For a multi-stop electrical crew, this is real money, not a rounding error. Four stops a day means three drives — easily 45–90 minutes of paid time that has to go somewhere defensible.
| Travel rule | When it applies | Where the hours land |
|---|---|---|
| Non-billable overhead | Shop-to-site and between your own service calls | Overhead cost code, paid but not billed |
| Billable to job | T&M work where the contract allows travel | The destination job's cost code |
| Portal-to-portal | Union or prevailing-wage jobs that require it | Paid from first punch to last, per agreement |
Because the drive is its own timestamped segment with GPS, you can prove where the truck was and defend the classification if an auditor or a client asks. Our T&M billing best practices cover when travel is billable and when it quietly kills your margin.

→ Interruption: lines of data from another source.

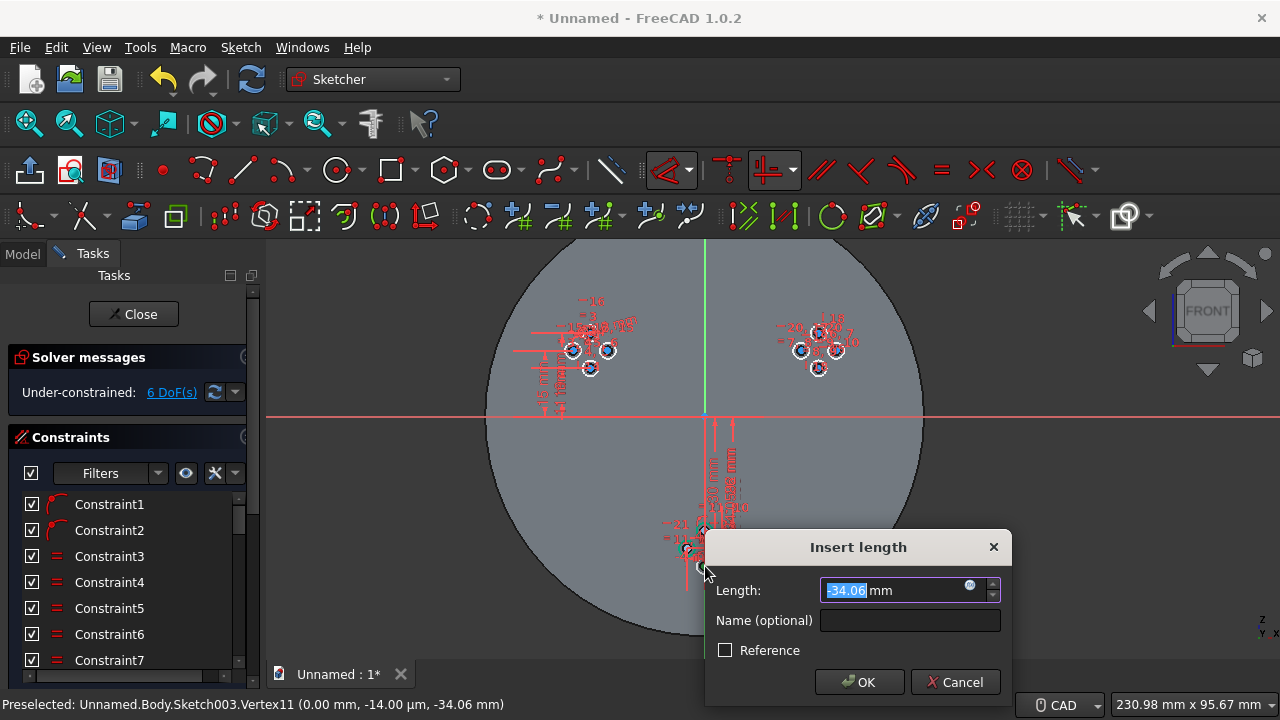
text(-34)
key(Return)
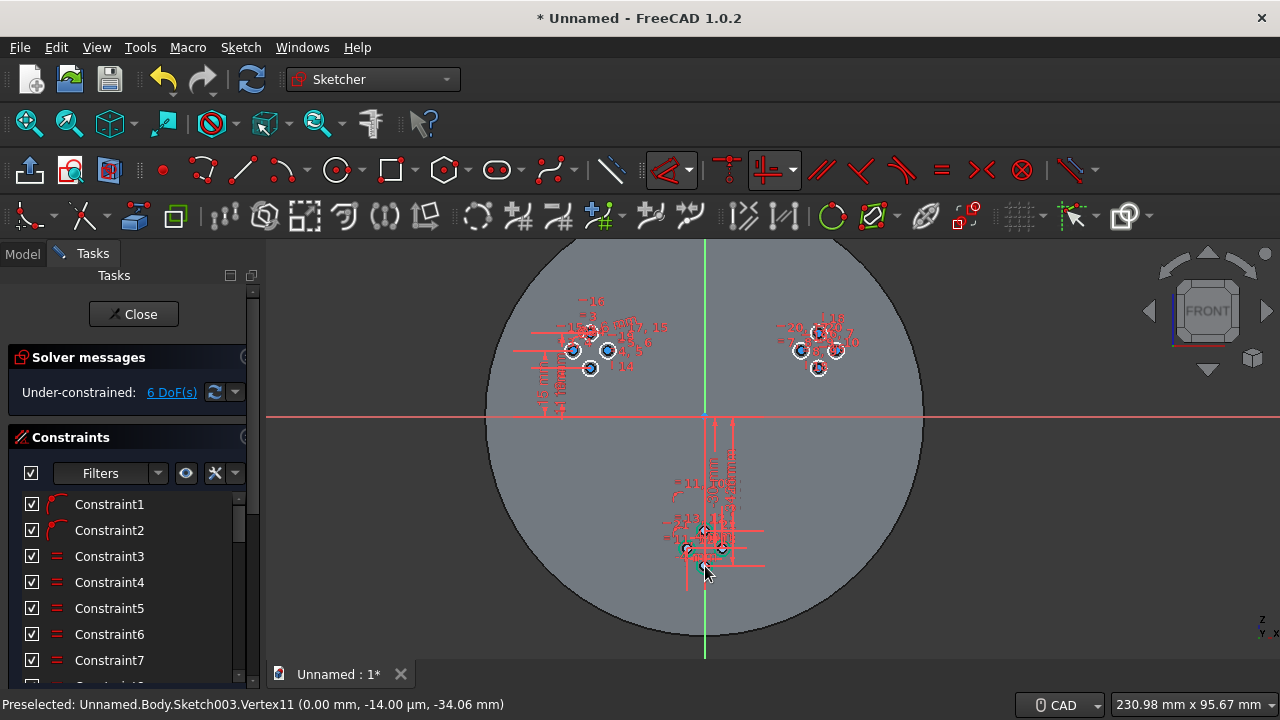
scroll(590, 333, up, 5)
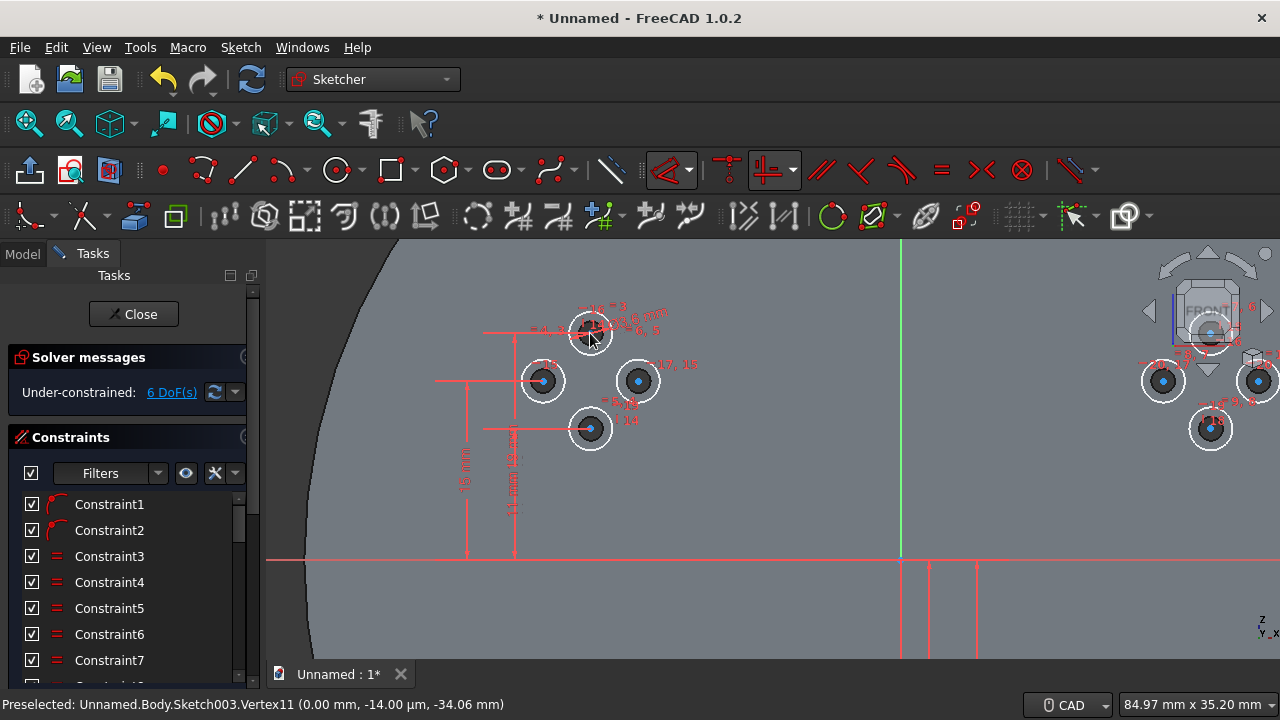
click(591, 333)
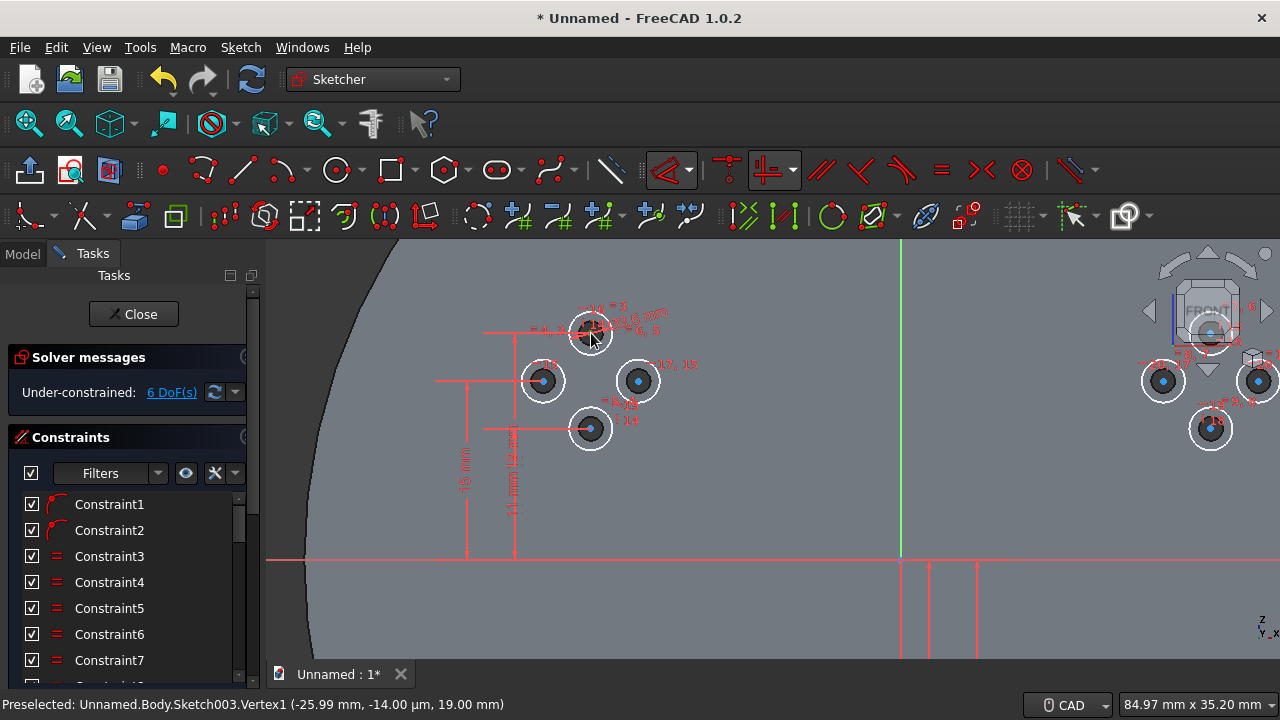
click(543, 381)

Journeyman, Apprentice, and Certified Payroll
FieldTimesheet carries each worker's classification and pay rate through every segment, so a journeyman's hour on Job B and an apprentice's hour on the same job cost the job the right amount — and export clean for certified payroll.
This is the layer the generic construction articles ignore entirely. An electrical crew isn't four interchangeable bodies; it's a journeyman at one rate and two apprentices at another, and the job has to be costed at each person's real number.
For government, school, and commercial-bid work under Davis-Bacon or state prevailing-wage law, it's not optional. You owe a certified payroll report showing each worker's classification, hours per job, and the correct prevailing rate — per site, per week.
Three things make that report survivable when your crew works four sites a day:
- Classification rides with the worker, so every segment already carries journeyman or apprentice status.
- Hours are split per job, so the report shows the right hours at the right site without hand-sorting.
- Rates apply automatically, so the apprentice-to-journeyman ratio and the prevailing rate export instead of being retyped into a WH-347 by hand.
What to Look for in a Multi-Site Time Clock for Electrical Crews
Not every "construction time clock" handles the same-day, multi-site reality. Here's what actually matters when your crew moves, versus what matters when it sits on one build for months.
| Feature | Why it matters for a moving electrical crew |
|---|---|
| Mid-shift job switch | Move the whole crew from Site A to Site B on one card, no clock-out-for-the-day |
| Geofence auto-recognition | Right job code without the foreman typing an address at every stop |
| Per-segment cost codes | Service vs. rough-in vs. trim isolated even within one morning |
| Offline clock-in | Punches survive inside metal panels, basements, and concrete parking structures |
| Classification & rate per worker | Journeyman and apprentice cost the job correctly; certified payroll exports clean |
| QuickBooks customer:job sync | Four stops become four correctly-costed jobs, not one lump |
| Travel-segment capture | Drive time is classified and provable, not buried in a job's hours |
Offline is easy to underweight until a tech is standing inside a grounded metal enclosure with no signal. A time clock that drops punches indoors is a time clock that fails on exactly the jobs electricians do. FieldTimesheet queues offline punches and syncs them when signal returns.
If you're weighing your options, our time tracking guide compares the field against these criteria, and the labor cost calculator puts a dollar figure on your own crew's misallocation.
The Bottom Line
When an electrical contractor crew clocks in at multiple job sites the same day, the whole game is keeping each stop's hours attached to that stop — through the switch, through the drive, through payroll, and into QuickBooks.
Get that right and every bid you write is priced against what the work actually costs. Get it wrong and you're guessing, one fuzzy timecard at a time.
The crew doesn't change how it works. The foreman taps a switch when the truck rolls, and the math takes care of itself.